**Exercise directions:** Give the lines again exactly, from the one holding "Next, the toy kitchen" to the last line of the listing below, both ends included and nothing added.

**Entries supplied:**
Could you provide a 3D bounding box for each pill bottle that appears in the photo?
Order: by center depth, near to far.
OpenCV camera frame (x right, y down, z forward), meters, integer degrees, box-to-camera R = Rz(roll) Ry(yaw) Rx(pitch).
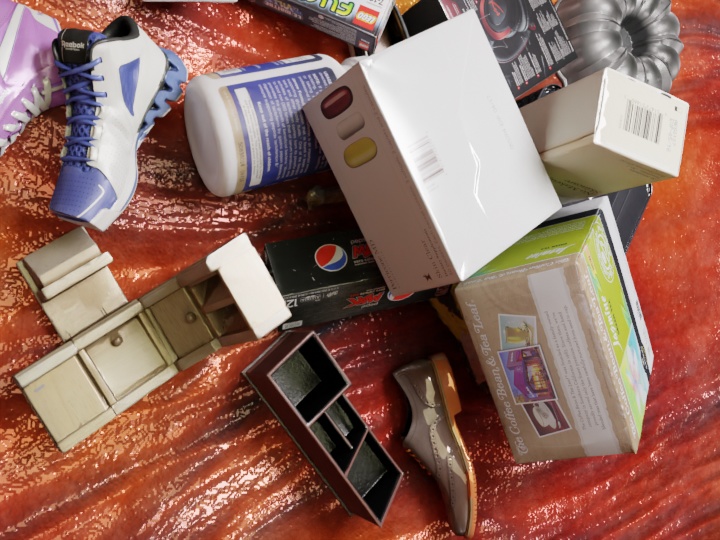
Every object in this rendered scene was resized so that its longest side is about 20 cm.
[{"bbox_3d":[-0.069,-0.153,0.778,0.196,0.115,0.119,-18,93,-25],"label":"pill bottle"}]

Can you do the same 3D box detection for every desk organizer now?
[{"bbox_3d":[-0.028,0.160,0.789,0.071,0.077,0.202,-40,102,-23],"label":"desk organizer"}]

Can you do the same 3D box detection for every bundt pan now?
[{"bbox_3d":[0.349,-0.303,1.016,0.197,0.075,0.208,2,85,-25],"label":"bundt pan"}]

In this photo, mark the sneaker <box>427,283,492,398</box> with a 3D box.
[{"bbox_3d":[0.151,0.062,0.886,0.084,0.074,0.203,-35,100,-24],"label":"sneaker"}]

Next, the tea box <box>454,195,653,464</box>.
[{"bbox_3d":[0.213,0.059,0.810,0.197,0.131,0.204,-44,116,-55],"label":"tea box"}]

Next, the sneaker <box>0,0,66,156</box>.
[{"bbox_3d":[-0.311,-0.142,0.687,0.112,0.072,0.207,8,82,-28],"label":"sneaker"}]

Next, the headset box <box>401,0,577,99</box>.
[{"bbox_3d":[0.147,-0.269,0.901,0.199,0.074,0.151,-36,100,-32],"label":"headset box"}]

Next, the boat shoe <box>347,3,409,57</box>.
[{"bbox_3d":[0.039,-0.209,0.863,0.071,0.067,0.205,-22,96,-27],"label":"boat shoe"}]

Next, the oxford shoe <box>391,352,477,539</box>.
[{"bbox_3d":[0.082,0.199,0.854,0.071,0.071,0.206,-12,86,-6],"label":"oxford shoe"}]

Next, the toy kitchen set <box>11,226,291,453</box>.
[{"bbox_3d":[-0.205,0.029,0.659,0.198,0.179,0.166,-35,99,-28],"label":"toy kitchen set"}]

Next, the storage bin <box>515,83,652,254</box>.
[{"bbox_3d":[0.244,-0.107,0.937,0.198,0.093,0.137,37,71,-17],"label":"storage bin"}]

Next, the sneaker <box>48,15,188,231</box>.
[{"bbox_3d":[-0.240,-0.148,0.689,0.115,0.079,0.204,52,53,-56],"label":"sneaker"}]

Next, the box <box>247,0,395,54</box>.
[{"bbox_3d":[-0.055,-0.319,0.807,0.196,0.035,0.112,22,75,0],"label":"box"}]

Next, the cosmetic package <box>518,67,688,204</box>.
[{"bbox_3d":[0.212,-0.123,0.763,0.101,0.199,0.075,16,80,-18],"label":"cosmetic package"}]

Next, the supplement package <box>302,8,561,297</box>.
[{"bbox_3d":[0.067,-0.106,0.719,0.154,0.110,0.204,-31,98,-32],"label":"supplement package"}]

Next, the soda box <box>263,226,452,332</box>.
[{"bbox_3d":[0.000,0.000,0.797,0.195,0.064,0.072,-11,55,-17],"label":"soda box"}]

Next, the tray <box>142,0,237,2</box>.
[{"bbox_3d":[-0.151,-0.353,0.778,0.104,0.022,0.206,4,72,13],"label":"tray"}]

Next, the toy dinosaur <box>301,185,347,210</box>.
[{"bbox_3d":[0.027,-0.079,0.836,0.196,0.107,0.061,16,39,-32],"label":"toy dinosaur"}]

**Expected output:**
Next, the toy kitchen set <box>11,226,291,453</box>.
[{"bbox_3d":[-0.205,0.029,0.659,0.198,0.179,0.166,-35,99,-28],"label":"toy kitchen set"}]

Next, the storage bin <box>515,83,652,254</box>.
[{"bbox_3d":[0.244,-0.107,0.937,0.198,0.093,0.137,37,71,-17],"label":"storage bin"}]

Next, the sneaker <box>48,15,188,231</box>.
[{"bbox_3d":[-0.240,-0.148,0.689,0.115,0.079,0.204,52,53,-56],"label":"sneaker"}]

Next, the box <box>247,0,395,54</box>.
[{"bbox_3d":[-0.055,-0.319,0.807,0.196,0.035,0.112,22,75,0],"label":"box"}]

Next, the cosmetic package <box>518,67,688,204</box>.
[{"bbox_3d":[0.212,-0.123,0.763,0.101,0.199,0.075,16,80,-18],"label":"cosmetic package"}]

Next, the supplement package <box>302,8,561,297</box>.
[{"bbox_3d":[0.067,-0.106,0.719,0.154,0.110,0.204,-31,98,-32],"label":"supplement package"}]

Next, the soda box <box>263,226,452,332</box>.
[{"bbox_3d":[0.000,0.000,0.797,0.195,0.064,0.072,-11,55,-17],"label":"soda box"}]

Next, the tray <box>142,0,237,2</box>.
[{"bbox_3d":[-0.151,-0.353,0.778,0.104,0.022,0.206,4,72,13],"label":"tray"}]

Next, the toy dinosaur <box>301,185,347,210</box>.
[{"bbox_3d":[0.027,-0.079,0.836,0.196,0.107,0.061,16,39,-32],"label":"toy dinosaur"}]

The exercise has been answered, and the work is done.